[Given records — start]

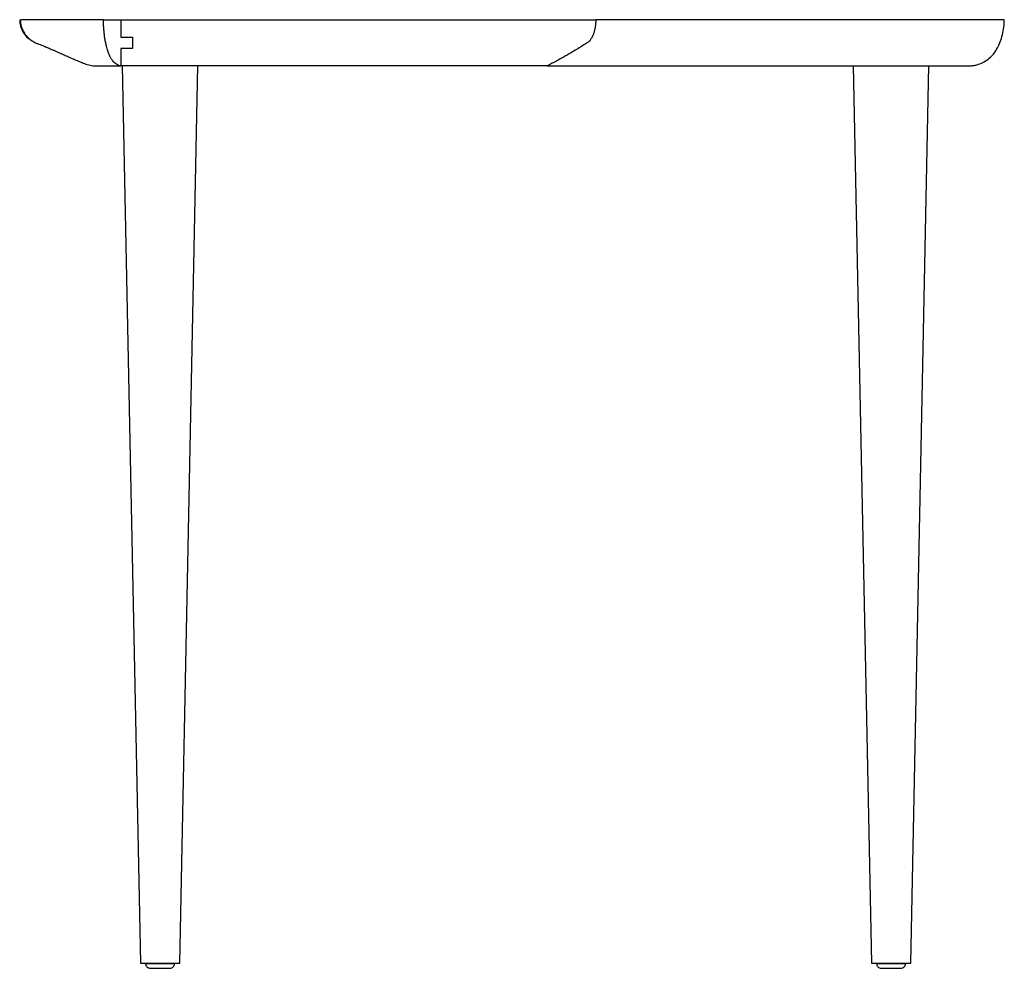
# Paper-space layout '_Right' of a CAD drawing. Header units: millimetres. Extents: x -78 to 348, y 34 to 444.
import ezdxf

# ---------------------------------------------------------------- set-up
doc = ezdxf.new("R2010")
doc.units = ezdxf.units.MM

psp = doc.layouts.new('_Right')

# ---------------------------------------------------------------- linework, layer by layer
at = {"color": 7, "linetype": 'Continuous', "lineweight": 25}
for p, q in [((344.46, 431.22), (344.61, 431.43)), ((344.61, 431.43), (344.82, 431.88)), ((-33.76, 424.07), (-25.86, 36.07)), ((-8.86, 36.07), (-0.96, 424.07)), ((282.44, 424.07), (290.34, 36.07)), ((307.34, 36.07), (315.24, 424.07)), ((-23.61, 36.05), (-23.61, 35.8)), ((-11.11, 35.8), (-11.11, 36.05)), ((292.59, 36.05), (292.59, 35.8)), ((305.09, 35.8), (305.09, 36.05))]:
    psp.add_line(p, q, dxfattribs=at)
for points, knots in [([(-78.09, 444.07), (-78.05, 443.39), (-77.98, 442.16), (-77.36, 440.01), (-76.15, 437.77), (-74.42, 435.96), (-73.17, 435.2), (-72.76, 434.95)], [0, 0, 0, 0, 0.184035, 0.334748, 0.602651, 0.869423, 1, 1, 1, 1]), ([(-77.84, 444.07), (-77.81, 443.51), (-77.75, 442.48), (-77.32, 440.75), (-76.59, 439.03), (-75.54, 437.45), (-74.45, 436.24), (-73.39, 435.34), (-71.97, 434.41), (-70.84, 433.91), (-69.79, 433.51), (-68.64, 433.06), (-67.59, 432.64), (-66.62, 432.24), (-65.73, 431.87), (-64.74, 431.45), (-63.68, 430.99), (-62.46, 430.46), (-61.37, 429.98), (-60.33, 429.52), (-59.37, 429.09), (-58.42, 428.66), (-57.47, 428.24), (-56.44, 427.78), (-54.93, 427.1), (-53.15, 426.33), (-51.06, 425.47), (-48.83, 424.62), (-47.19, 424.26), (-46.35, 424.07)], [0, 0, 0, 0, 0.013938, 0.025469, 0.045806, 0.065041, 0.084461, 0.104808, 0.126556, 0.177365, 0.230347, 0.280294, 0.327189, 0.371053, 0.411907, 0.449773, 0.512139, 0.56672, 0.61363, 0.650933, 0.68543, 0.718696, 0.750722, 0.783795, 0.816698, 0.855837, 0.900354, 0.948983, 1, 1, 1, 1]), ([(-41.86, 444.07), (-42.82, 444.07), (-44.74, 444.07), (-47.18, 444.07), (-49.2, 444.07), (-51.24, 444.07), (-52.61, 444.07), (-54.71, 444.07), (-56.6, 444.07), (-59.75, 444.07), (-63.6, 444.07), (-67.76, 444.07), (-71.46, 444.07), (-74.58, 444.07), (-76.86, 444.07), (-77.48, 444.07), (-77.77, 444.07)], [0, 0, 0, 0, 0.0171201, 0.0342931, 0.0516632, 0.0694318, 0.1096777, 0.1499739, 0.1902488, 0.2305226, 0.3570573, 0.4699639, 0.5829125, 0.7295934, 0.8763062, 1, 1, 1, 1]), ([(-40.25, 431.43), (-40.35, 431.81), (-40.56, 432.62), (-40.89, 434.08), (-41.2, 435.78), (-41.48, 437.67), (-41.67, 439.56), (-41.75, 440.71), (-41.84, 442.32), (-41.86, 443.25), (-41.86, 444.07)], [0, 0, 0, 0, 0.125, 0.25, 0.375, 0.5, 0.625, 0.75, 0.75, 1, 1, 1, 1]), ([(-34.36, 444.07), (-34.36, 443.91), (-34.36, 443.59), (-34.36, 443.12), (-34.36, 442.64), (-34.36, 442.01), (-34.36, 441.23), (-34.36, 440.29), (-34.36, 439.35), (-34.36, 438.43), (-34.36, 437.5), (-34.36, 436.88), (-34.36, 436.57)], [0, 0, 0, 0, 0.062537, 0.125287, 0.188059, 0.250593, 0.374369, 0.499998, 0.622641, 0.749398, 0.871345, 1, 1, 1, 1]), ([(-34.36, 444.07), (-32.18, 444.07), (-29.92, 444.07), (-27.38, 444.07), (-27.1, 444.07), (-26.54, 444.07), (-25.69, 444.07), (-23.73, 444.07), (-17.55, 444.07), (-2.99, 444.07), (28.09, 444.07), (89.09, 444.07), (139.07, 444.07), (171.11, 444.07)], [0, 0, 0, 0, 0.03125, 0.03125, 0.035156, 0.035156, 0.039062, 0.046875, 0.0625, 0.125, 0.25, 0.5, 1, 1, 1, 1]), ([(171.11, 444.07), (171.11, 443.67), (171.08, 442.96), (171.04, 442.34), (170.95, 441.46), (170.87, 440.93), (170.69, 439.95), (170.48, 439.04), (170.09, 437.82), (169.62, 436.72), (169.07, 435.72), (168.5, 434.97), (167.95, 434.43), (167.63, 434.19), (167.45, 434.07)], [0, 0, 0, 0, 0.0625, 0.125, 0.125, 0.25, 0.25, 0.375, 0.5, 0.625, 0.75, 0.875, 0.9375, 1, 1, 1, 1]), ([(347.81, 444.07), (347.78, 444.07), (347.71, 444.07), (346.86, 444.07), (345.45, 444.07), (342.52, 444.07), (337.71, 444.07), (332.13, 444.07), (326.38, 444.07), (316.48, 444.07), (302.82, 444.07), (285.15, 444.07), (266.01, 444.07), (244.59, 444.07), (220.72, 444.07), (196.28, 444.07), (179.5, 444.07), (171.11, 444.07)], [0, 0, 0, 0, 0.0129873, 0.0276868, 0.042555, 0.0577642, 0.0922132, 0.1267052, 0.161179, 0.1956518, 0.3039608, 0.4006045, 0.4972843, 0.6228376, 0.7484182, 0.8741915, 1, 1, 1, 1]), ([(332.84, 424.07), (333.4, 424.12), (334.46, 424.2), (336.4, 424.64), (338.57, 425.47), (340.88, 426.93), (342.69, 428.61), (344.12, 430.48), (345.27, 432.61), (346.4, 435.28), (347.28, 438.35), (347.76, 441.35), (347.82, 443.24), (347.84, 444.07)], [0, 0, 0, 0, 0.0607562, 0.1152738, 0.2151238, 0.3108845, 0.4095422, 0.4813969, 0.5650275, 0.6713291, 0.7955958, 0.9098335, 1, 1, 1, 1]), ([(-29.36, 436.57), (-29.36, 436.39), (-29.36, 436), (-29.36, 435.4), (-29.36, 434.73), (-29.36, 434.05), (-29.36, 433.4), (-29.36, 432.78), (-29.36, 432.17), (-29.36, 431.77), (-29.36, 431.57)], [0, 0, 0, 0, 0.104859, 0.224628, 0.356962, 0.498942, 0.628187, 0.749798, 0.876621, 1, 1, 1, 1]), ([(-29.36, 431.57), (-29.5, 431.57), (-29.78, 431.57), (-30.21, 431.57), (-30.63, 431.57), (-31.05, 431.57), (-31.47, 431.57), (-31.89, 431.57), (-32.31, 431.57), (-32.72, 431.57), (-33.14, 431.57), (-33.55, 431.57), (-33.95, 431.57), (-34.22, 431.57), (-34.36, 431.57)], [0, 0, 0, 0, 0.085039, 0.169702, 0.254013, 0.33799, 0.421654, 0.505022, 0.588114, 0.670947, 0.753536, 0.835898, 0.918048, 1, 1, 1, 1]), ([(-34.36, 431.57), (-34.36, 431.45), (-34.36, 431.26), (-34.36, 430.89), (-34.36, 430.46), (-34.36, 429.58), (-34.36, 428.41), (-34.36, 427.13), (-34.36, 426.04), (-34.36, 425.21), (-34.36, 424.72), (-34.36, 424.44), (-34.36, 424.3), (-34.36, 424.19), (-34.36, 424.11), (-34.36, 424.08), (-34.36, 424.07)], [0, 0, 0, 0, 0.026141, 0.041893, 0.084263, 0.12504, 0.249418, 0.378881, 0.499221, 0.62645, 0.74935, 0.800262, 0.850649, 0.900618, 0.950373, 1, 1, 1, 1]), ([(-46.35, 424.07), (-46.32, 424.07), (-46.25, 424.07), (-45.48, 424.07), (-44.47, 424.07), (-43.59, 424.07), (-43.1, 424.07), (-42.54, 424.07), (-42.04, 424.07), (-40.9, 424.07), (-39.18, 424.07), (-37.01, 424.07), (-35.24, 424.07), (-34.36, 424.07)], [0, 0, 0, 0, 0.201663, 0.408302, 0.606748, 0.657857, 0.708569, 0.759616, 0.810519, 0.859325, 0.906588, 0.953236, 1, 1, 1, 1]), ([(150.11, 424.07), (149.57, 424.07), (148.49, 424.07), (146.87, 424.07), (145.24, 424.07), (143.6, 424.07), (141.94, 424.07), (140.27, 424.07), (137.29, 424.07), (132.94, 424.07), (127.35, 424.07), (121.69, 424.07), (116.2, 424.07), (110.58, 424.07), (103.19, 424.07), (95.75, 424.07), (88.4, 424.07), (81.05, 424.07), (71.85, 424.07), (60.74, 424.07), (49.53, 424.07), (38.17, 424.07), (26.63, 424.07), (14.79, 424.07), (2.75, 424.07), (-7.52, 424.07), (-14.75, 424.07), (-18.19, 424.07), (-19.78, 424.07), (-20.45, 424.07), (-20.98, 424.07), (-21.51, 424.07), (-22.44, 424.07), (-23.77, 424.07), (-25.37, 424.07), (-26.97, 424.07), (-28.53, 424.07), (-30.07, 424.07), (-31.31, 424.07), (-32.28, 424.07), (-32.99, 424.07), (-33.68, 424.07), (-34.13, 424.07), (-34.36, 424.07)], [0, 0, 0, 0, 0.008698, 0.017486, 0.026363, 0.035331, 0.044388, 0.053535, 0.062772, 0.093488, 0.125598, 0.1561, 0.188488, 0.218501, 0.251428, 0.314391, 0.34587, 0.37734, 0.440237, 0.503047, 0.565746, 0.628331, 0.690819, 0.753263, 0.817103, 0.878417, 0.909874, 0.925646, 0.929597, 0.933544, 0.93552, 0.937487, 0.941377, 0.948958, 0.956477, 0.963791, 0.971099, 0.9783, 0.98553, 0.989135, 0.992742, 0.996361, 1, 1, 1, 1]), ([(150.11, 424.07), (181.63, 424.07), (232.29, 424.07), (288.19, 424.07), (312.33, 424.07), (322.14, 424.07), (325.22, 424.07), (326.53, 424.07), (327.18, 424.07), (327.4, 424.07), (327.82, 424.07), (331.29, 424.07), (332.93, 424.07), (332.84, 424.07)], [0, 0, 0, 0, 0.5, 0.75, 0.875, 0.90625, 0.921875, 0.929687, 0.929687, 0.933594, 0.933594, 0.9375, 1, 1, 1, 1]), ([(-25.86, 36.07), (-25.86, 36.07), (-25.64, 36.07), (-24.79, 36.07), (-24.16, 36.07), (-22.58, 36.07), (-21.64, 36.07), (-19.58, 36.07), (-18.47, 36.07), (-16.25, 36.07), (-15.13, 36.07), (-13.08, 36.07), (-12.13, 36.07), (-10.56, 36.07), (-9.93, 36.07), (-9.08, 36.07), (-8.86, 36.07), (-8.86, 36.07)], [0, 0, 0, 0, 0.125, 0.125, 0.25, 0.25, 0.375, 0.375, 0.5, 0.5, 0.625, 0.625, 0.75, 0.75, 0.875, 0.875, 1, 1, 1, 1]), ([(-11.11, 35.8), (-11.11, 35.8), (-11.27, 35.8), (-11.9, 35.8), (-12.36, 35.8), (-13.52, 35.8), (-14.21, 35.8), (-15.72, 35.8), (-16.54, 35.8), (-18.18, 35.8), (-18.99, 35.8), (-20.51, 35.8), (-21.2, 35.8), (-22.36, 35.8), (-22.82, 35.8), (-23.45, 35.8), (-23.61, 35.8), (-23.61, 35.8)], [0, 0, 0, 0, 0.125, 0.125, 0.25, 0.25, 0.375, 0.375, 0.5, 0.5, 0.625, 0.625, 0.75, 0.75, 0.875, 0.875, 1, 1, 1, 1]), ([(-23.61, 35.8), (-23.61, 35.54), (-23.56, 35.28), (-23.36, 34.8), (-23.21, 34.57), (-22.84, 34.2), (-22.62, 34.06), (-22.13, 33.86), (-21.87, 33.8), (-21.61, 33.8)], [0, 0, 0, 0, 0.25, 0.25, 0.5, 0.5, 0.75, 0.75, 1, 1, 1, 1]), ([(-13.11, 33.8), (-12.85, 33.8), (-12.58, 33.86), (-12.1, 34.06), (-11.88, 34.2), (-11.51, 34.57), (-11.36, 34.8), (-11.16, 35.28), (-11.11, 35.54), (-11.11, 35.8)], [0, 0, 0, 0, 0.25, 0.25, 0.5, 0.5, 0.75, 0.75, 1, 1, 1, 1]), ([(290.34, 36.07), (290.34, 36.07), (290.56, 36.07), (291.41, 36.07), (292.04, 36.07), (293.61, 36.07), (294.56, 36.07), (296.61, 36.07), (297.72, 36.07), (299.95, 36.07), (301.06, 36.07), (303.12, 36.07), (304.06, 36.07), (305.63, 36.07), (306.26, 36.07), (307.12, 36.07), (307.34, 36.07), (307.34, 36.07)], [0, 0, 0, 0, 0.125, 0.125, 0.25, 0.25, 0.375, 0.375, 0.5, 0.5, 0.625, 0.625, 0.75, 0.75, 0.875, 0.875, 1, 1, 1, 1]), ([(292.59, 35.8), (292.59, 35.54), (292.64, 35.28), (292.84, 34.8), (292.99, 34.57), (293.36, 34.2), (293.58, 34.06), (294.06, 33.86), (294.32, 33.8), (294.59, 33.8)], [0, 0, 0, 0, 0.25, 0.25, 0.5, 0.5, 0.75, 0.75, 1, 1, 1, 1]), ([(305.09, 35.8), (305.09, 35.8), (304.92, 35.8), (304.3, 35.8), (303.83, 35.8), (302.68, 35.8), (301.98, 35.8), (300.47, 35.8), (299.65, 35.8), (298.02, 35.8), (297.2, 35.8), (295.69, 35.8), (295, 35.8), (293.84, 35.8), (293.38, 35.8), (292.75, 35.8), (292.59, 35.8), (292.59, 35.8)], [0, 0, 0, 0, 0.125, 0.125, 0.25, 0.25, 0.375, 0.375, 0.5, 0.5, 0.625, 0.625, 0.75, 0.75, 0.875, 0.875, 1, 1, 1, 1]), ([(303.09, 33.8), (303.35, 33.8), (303.61, 33.86), (304.09, 34.06), (304.32, 34.2), (304.69, 34.57), (304.83, 34.8), (305.03, 35.28), (305.09, 35.54), (305.09, 35.8)], [0, 0, 0, 0, 0.25, 0.25, 0.5, 0.5, 0.75, 0.75, 1, 1, 1, 1]), ([(-21.61, 33.8), (-21.61, 33.8), (-21.5, 33.8), (-21.07, 33.8), (-20.76, 33.8), (-19.97, 33.8), (-19.5, 33.8), (-18.47, 33.8), (-17.91, 33.8), (-16.8, 33.8), (-16.25, 33.8), (-15.22, 33.8), (-14.75, 33.8), (-13.96, 33.8), (-13.64, 33.8), (-13.22, 33.8), (-13.11, 33.8), (-13.11, 33.8)], [0, 0, 0, 0, 0.125, 0.125, 0.25, 0.25, 0.375, 0.375, 0.5, 0.5, 0.625, 0.625, 0.75, 0.75, 0.875, 0.875, 1, 1, 1, 1]), ([(294.59, 33.8), (294.59, 33.8), (294.7, 33.8), (295.12, 33.8), (295.44, 33.8), (296.22, 33.8), (296.7, 33.8), (297.72, 33.8), (298.28, 33.8), (299.39, 33.8), (299.95, 33.8), (300.98, 33.8), (301.45, 33.8), (302.23, 33.8), (302.55, 33.8), (302.98, 33.8), (303.09, 33.8), (303.09, 33.8)], [0, 0, 0, 0, 0.125, 0.125, 0.25, 0.25, 0.375, 0.375, 0.5, 0.5, 0.625, 0.625, 0.75, 0.75, 0.875, 0.875, 1, 1, 1, 1])]:
    psp.add_open_spline(points, degree=3, knots=knots, dxfattribs=at)
for points in [[(-41.86, 444.07), (-39.58, 444.07), (-37.03, 444.07), (-34.36, 444.07)], [(-34.36, 436.57), (-32.73, 436.57), (-31.05, 436.57), (-29.36, 436.57)], [(-34.36, 424.07), (-34.74, 424.1), (-35.41, 424.28), (-36.29, 424.76), (-37.09, 425.41), (-37.82, 426.21), (-38.49, 427.18), (-39.12, 428.33), (-39.71, 429.69), (-40.07, 430.8), (-40.25, 431.43)], [(167.45, 434.07), (166.22, 433.29), (163.5, 431.59), (158.66, 428.72), (153.92, 426.08), (151.3, 424.69), (150.11, 424.07)]]:
    psp.add_open_spline(points, degree=3, dxfattribs=at)
at = {"color": 142, "linetype": 'Continuous', "lineweight": 18, "true_color": 0x0080c0}
for points in [[(-11.11, 36.05), (-11.11, 36.05), (-11.27, 36.05), (-11.9, 36.05), (-12.36, 36.05), (-13.52, 36.05), (-14.21, 36.05), (-15.72, 36.05), (-16.54, 36.05), (-18.18, 36.05), (-18.99, 36.05), (-20.51, 36.05), (-21.2, 36.05), (-22.36, 36.05), (-22.82, 36.05), (-23.45, 36.05), (-23.61, 36.05), (-23.61, 36.05)], [(305.09, 36.05), (305.09, 36.05), (304.92, 36.05), (304.3, 36.05), (303.83, 36.05), (302.68, 36.05), (301.98, 36.05), (300.47, 36.05), (299.65, 36.05), (298.02, 36.05), (297.2, 36.05), (295.69, 36.05), (295, 36.05), (293.84, 36.05), (293.38, 36.05), (292.75, 36.05), (292.59, 36.05), (292.59, 36.05)]]:
    psp.add_open_spline(points, degree=3, knots=[0, 0, 0, 0, 0.125, 0.125, 0.25, 0.25, 0.375, 0.375, 0.5, 0.5, 0.625, 0.625, 0.75, 0.75, 0.875, 0.875, 1, 1, 1, 1], dxfattribs=at)

doc.saveas('drawing.dxf')

[Given records — finish]

Prompt
From the listing above, output exactly the run of lines that starts with the line containing "doc.units = ezdxf.units.MM" and ends with the line containing "psp.add_line(p, q, dxfattribs=at)".

Written reply
doc.units = ezdxf.units.MM

psp = doc.layouts.new('_Right')

# ---------------------------------------------------------------- linework, layer by layer
at = {"color": 7, "linetype": 'Continuous', "lineweight": 25}
for p, q in [((344.46, 431.22), (344.61, 431.43)), ((344.61, 431.43), (344.82, 431.88)), ((-33.76, 424.07), (-25.86, 36.07)), ((-8.86, 36.07), (-0.96, 424.07)), ((282.44, 424.07), (290.34, 36.07)), ((307.34, 36.07), (315.24, 424.07)), ((-23.61, 36.05), (-23.61, 35.8)), ((-11.11, 35.8), (-11.11, 36.05)), ((292.59, 36.05), (292.59, 35.8)), ((305.09, 35.8), (305.09, 36.05))]:
    psp.add_line(p, q, dxfattribs=at)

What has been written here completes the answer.